В это время телефон на столе у начальника зазвонил, он схватил трубку и раздраженно проговорил:
— Четвертая! Что значит — в суд подаете? На кого в суд подаете? На меня в суд подаете? Вас до самой крыши мусором завалило, выйти не можете? На работу два дня не ходили? А я при чем? А что я могу? На мне восемьсот помоек! Вас много, а я один!
Василий Макарович не стал слушать продолжение разговора. Он вышел из кабинета и спустился во двор базы.
Там к нему подошел здоровенный мужчина лет пятидесяти, в кожаной жилетке, открывающей мощные бицепсы. Он окинул дядю Васю неприязненным взглядом и процедил:
— Ты, что ли, из органов?
— Из милиции, — уточнил дядя Вася и помахал удостоверением. — А что это вы мне тыкаете?
— Извиняюсь! — пробасил Степаныч. — Мы люди простые, этому… этикету не обучены…
— Простому человеку тоже нужно соблюдать приличия! — назидательно проговорил дядя Вася. — Ну, покажите мне эту машину.
— Семьсот двадцать шесть УГУ?
— Ага, — подтвердил дядя Вася.
— Так УГУ или АГА?
— УГУ! Ага — это я просто так сказал, вроде как подтвердил…
— Вы меня совсем запутал! — окрысился Степаныч. — Вы из меня дурака делаешь! Вы тут будешь просто так говорить, а мы, значит, должны голову ломать…
— Ладно, хватит разговоров, показывайте машину…
Степаныч развернулся и пошел к одному из гаражей, занимавших почти всю территорию базы.
Возле самого входа в гараж Василий Макарович увидел новенькую черную «тойоту».
— А это чья машина? — поинтересовался он.
— А вы почему этим интересуешься? — насторожился Степаныч. — Вы же говорил, что интересуешься семьсот двадцать шестым?
— Ну, это я так, для порядка! Так все же — чья?
— Ну, допустим, это начальника нашего машина, Ивана Левоновича. И что с того?
— Да это я так… — отмахнулся дядя Вася. — Ну, так где же та машина, семьсот двадцать шестая?
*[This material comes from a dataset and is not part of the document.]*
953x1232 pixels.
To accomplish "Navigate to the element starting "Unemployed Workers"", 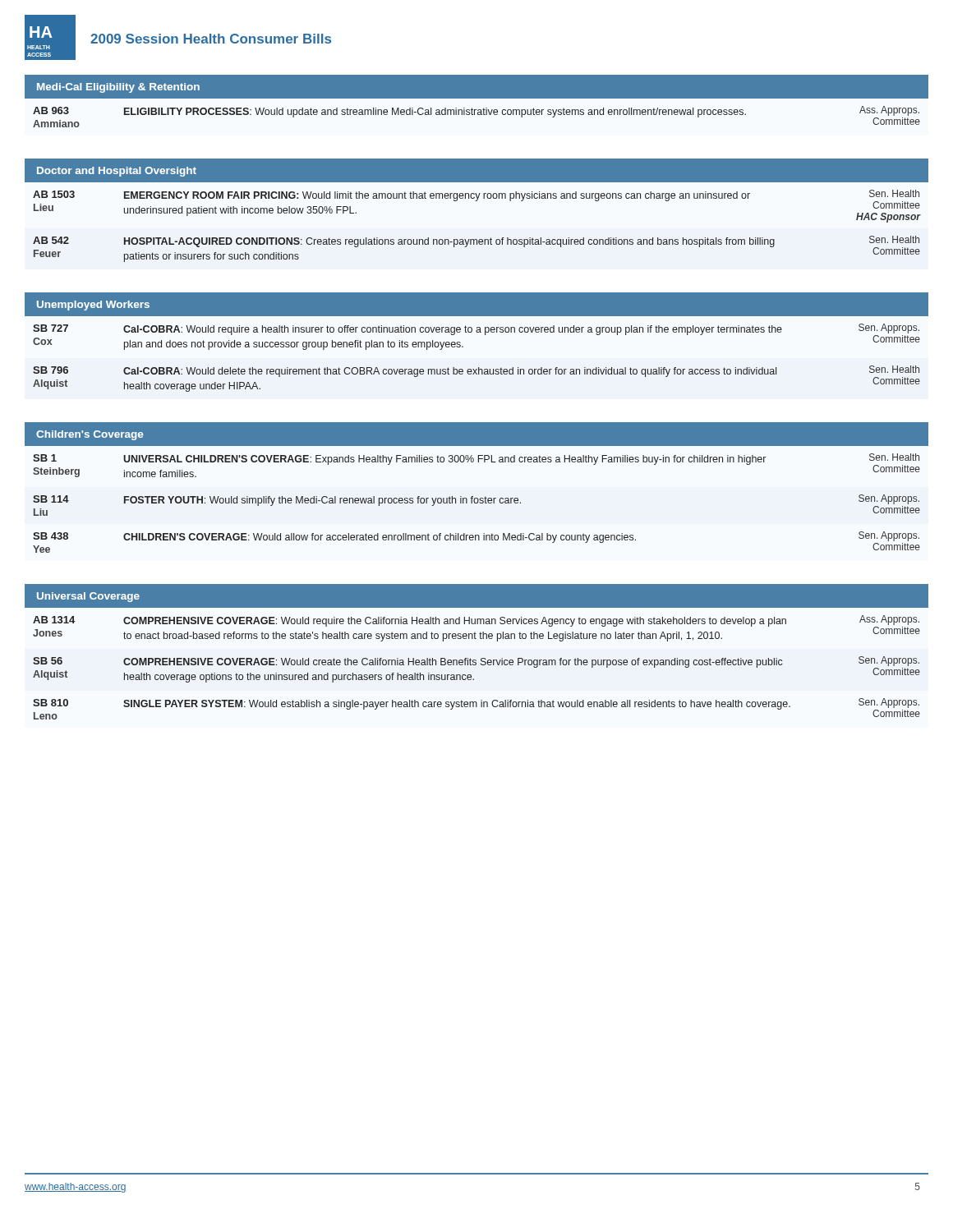I will coord(93,305).

— Да вон там должна быть, возле стенки!
Степаныч прошел в глубину гаража. Там возле одного из мусоровозов возился лысый коренастый тип с оттопыренными ушами.
— Ветчинкин! — окликнул Степаныч водителя. — А чья у нас семьсот двадцать шестая машина?
— УГУ? — переспросил водитель, подозрительно взглянув на Василия Макаровича. — Семьсот двадцать шестая УГУ — Мишки Куроедова.
— А где у нас сам Куроедов?
— Так на больничном же! Он после аварии на больничном…
— А машина его где?
— И машина на больничном… тьфу, в ремонте.
— Ну, ясно? — Степаныч повернулся к дяде Васе. — В ремонте эта машина, так что никак не могла быть в этом вашем ДТП.
— Давно в ремонте? — спросил Куликов.
— Да уж больше двух месяцев, как в Мишку КамАЗ на перекрестке влетел, — ответил водитель, — Мишка в тяжелом состоянии, машина — в хлам!